French handball player (born 1984)

Paule Baudouin (born 25 October 1984) is a French former handball player, who played for the French national team. She was born in Saint Denis.

She made her debut on the French national team in 2004. She competed at the 2006 European Championship in Sweden, where the French team placed third and at the 2008 Summer Olympics in Beijing, where the French team finished fifth, and at the 2012 Summer Olympics in London where the team finished fifth again.

==Biography==
For the 2012–2013 season, she left Le Havre AC (handball) for Metz. Her first season in Lorraine was a resounding success, both personally—winning the award for best left wing in the league and the title of top scorer in the regular season with 125 goals and as part of the team. Metz Handball won the French Cup and league double and also reached the EHF Cup final, losing by a single goal to the Danish team TTH Holstebro.

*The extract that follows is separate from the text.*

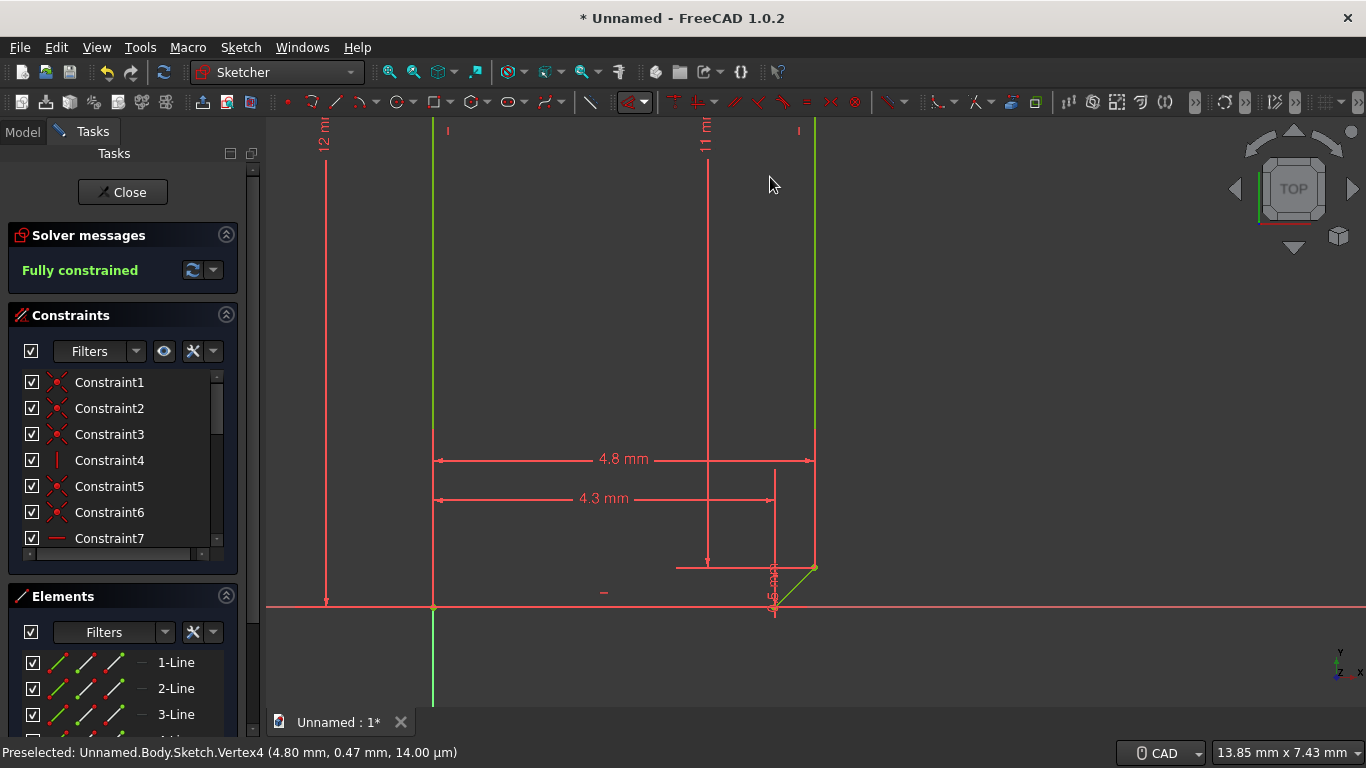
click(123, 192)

During the 2013–2014 season, following their victory in the League Cup against Fleury, she extended her contract with Metz for two more years. Her season ended with another French championship title after a victory in the final against Issy Paris 92 Hand.

As a key player for Metz, with whom she qualified for the main round of the 2014–2015 Champions League, she was selected to compete in the 2014 European Championship in Hungary and Croatia. A member of the national team since 2004, she is, along with Nina Kamto Njitam, the most experienced player on a rejuvenated squad. France ultimately finished 5th in the competition.

After seeing very little playing time under Jérémy Roussel starting in the 2015–2016 season, she reached an agreement with the club to terminate her contract in October 2015 and thus left Metz after three seasons. She immediately signed with SG BBM Bietigheim.

She returned to France the following season, joining Fleury Loiret HB and replacing Manon Houette at left wing.

After two seasons with Fleury, she joined Nantes Handball Féminin in 2018, where she was reunited with her former coach from Le Havre, Frédéric Bougeant.